Subcategories in the new cloud SIN will include: software-as-a-service, infrastructure-as-a-service, platform-as-a-service and “anything-as-a-service,” the last of which describes any potential future cloud services that don’t fit in with the three existing service models, according to the RFI.

GSA will take comments from industry on the cloud SIN proposal through August 6.

New category will make it easier to shop for cloud services

Crum said agencies have spent more than $800 million over the past two years on various cloud services, according to an analysis of Schedule 70 task orders.

“The problem is trying to identify what, exactly, was purchased, from what agency and what amounts — trying to get those particular statistics out — so that we can determine exactly what the customers are buying and not buying,” Crum said.

GSA hopes the new Schedule 70 cloud category will make it easier for agencies, particularly smaller ones, to shop for cloud solutions. Right now, many of those smaller agencies “don’t want to actually put their toes in the water because they’re not really sure what to buy,” Crum said.
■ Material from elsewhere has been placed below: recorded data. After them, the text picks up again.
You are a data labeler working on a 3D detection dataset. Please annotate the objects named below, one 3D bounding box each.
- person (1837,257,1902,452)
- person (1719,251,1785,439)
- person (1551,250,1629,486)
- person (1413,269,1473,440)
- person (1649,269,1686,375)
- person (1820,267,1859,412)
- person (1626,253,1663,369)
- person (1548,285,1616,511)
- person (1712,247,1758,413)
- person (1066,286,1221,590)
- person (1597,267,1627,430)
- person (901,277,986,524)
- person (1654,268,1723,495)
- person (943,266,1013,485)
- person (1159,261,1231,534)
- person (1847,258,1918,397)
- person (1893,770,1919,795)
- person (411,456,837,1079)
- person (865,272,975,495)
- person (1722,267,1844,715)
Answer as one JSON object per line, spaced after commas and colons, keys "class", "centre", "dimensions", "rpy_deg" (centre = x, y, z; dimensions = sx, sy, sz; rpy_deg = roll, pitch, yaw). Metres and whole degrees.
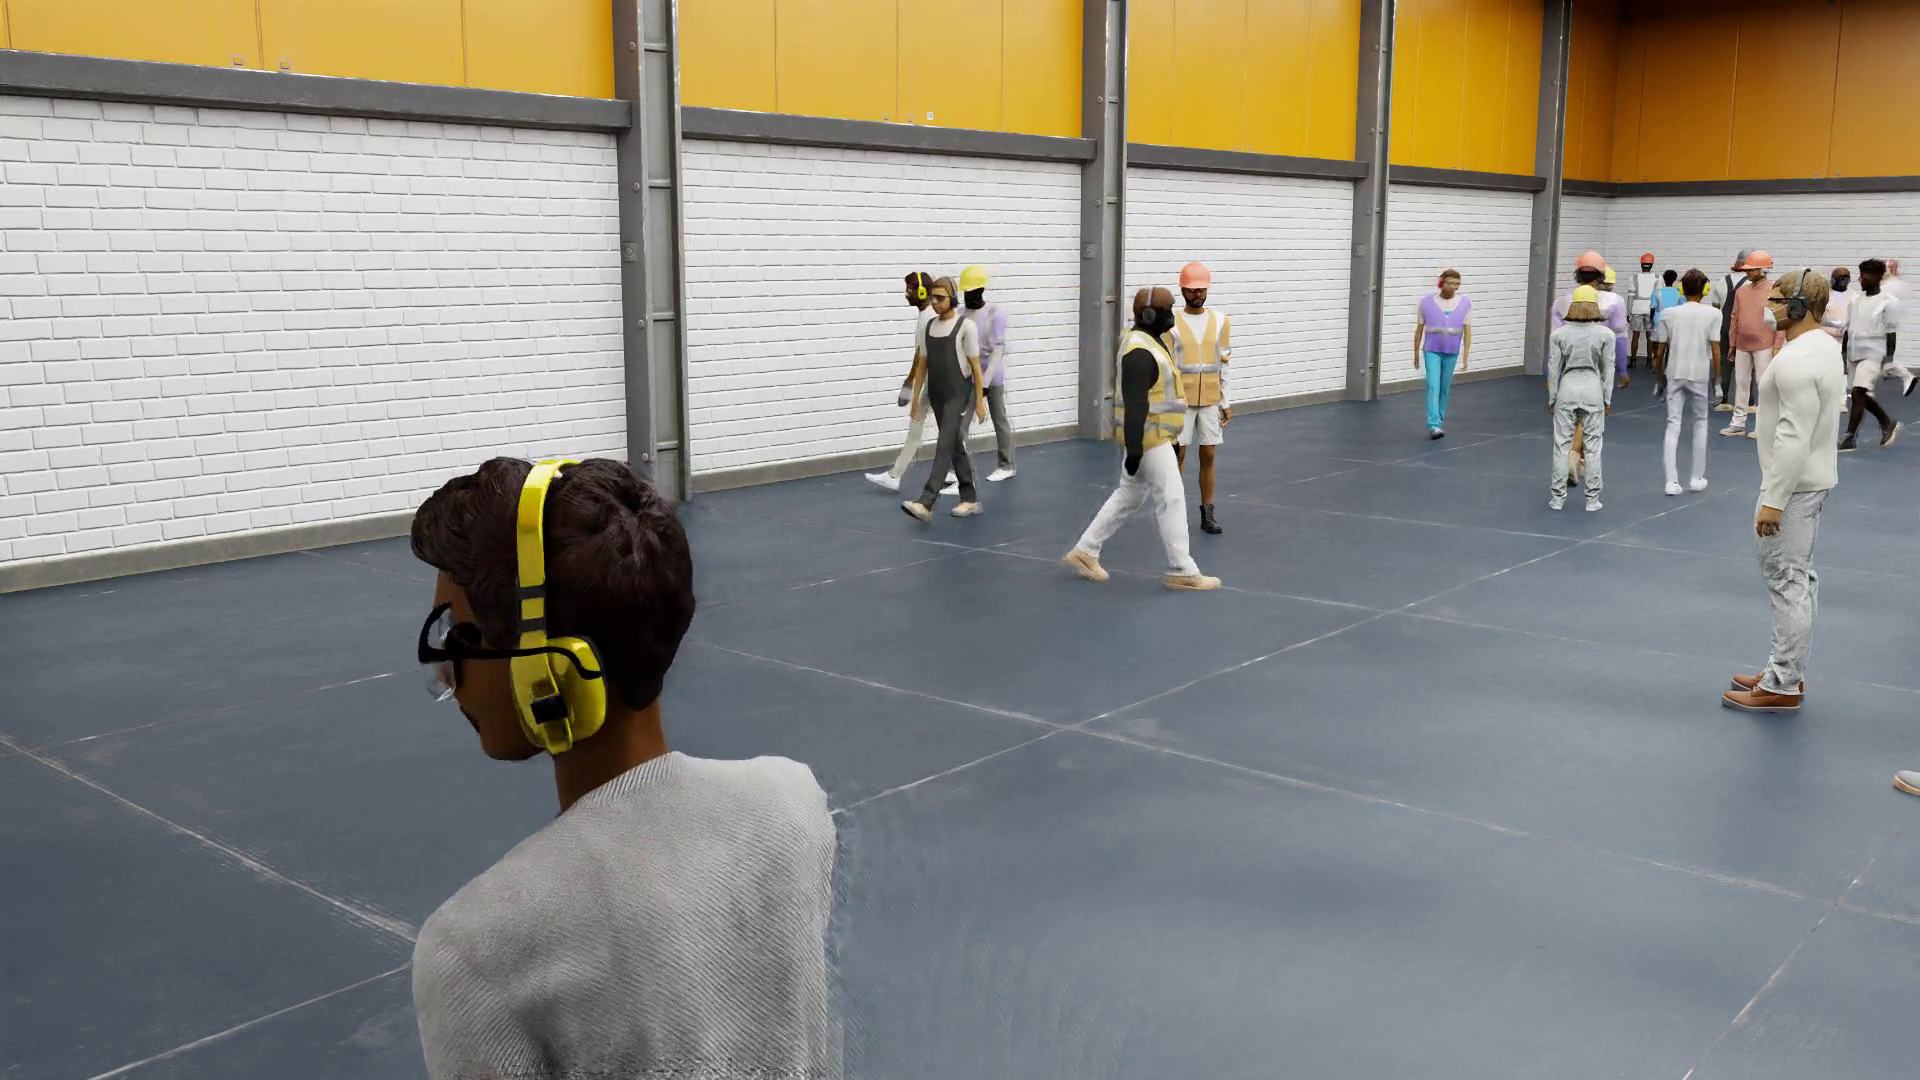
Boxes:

Another trend GSA is seeing: Agencies are still thinking small when it comes to cloud migrations.

“You see what is being purchased is not large integrations of networks.” Crum said. ” It’s email-as-a-service. It’s some kind of infrastructure as a service. It’s some products . And they call it cloud … because that’s easy. ” Agencies are also choosing smaller-scale cloud projects because of shrinking agency budgets. Up-front migration costs for a large-scale migration can be prohibitive.

“And budgets are getting smaller,” Crum said. “So, how do you go and do a big integration to the cloud and your network and data-center consolidations? It’s a big task.”

Despite the administration’s high-profile push for agencies to adopt a “cloud first” policy when it comes to new IT deployments, which kicked off nearly four years ago, the concept hasn’t yet matured at many agencies.

“Even though we’ve been at this for several years now, it seems that agencies are still kind of at an infant stage of trying to learn, exactly, what does cloud really mean? And what does it mean to me?” Crum said.

(Federal News Radio’s Stephanie Wasko contributed to this report)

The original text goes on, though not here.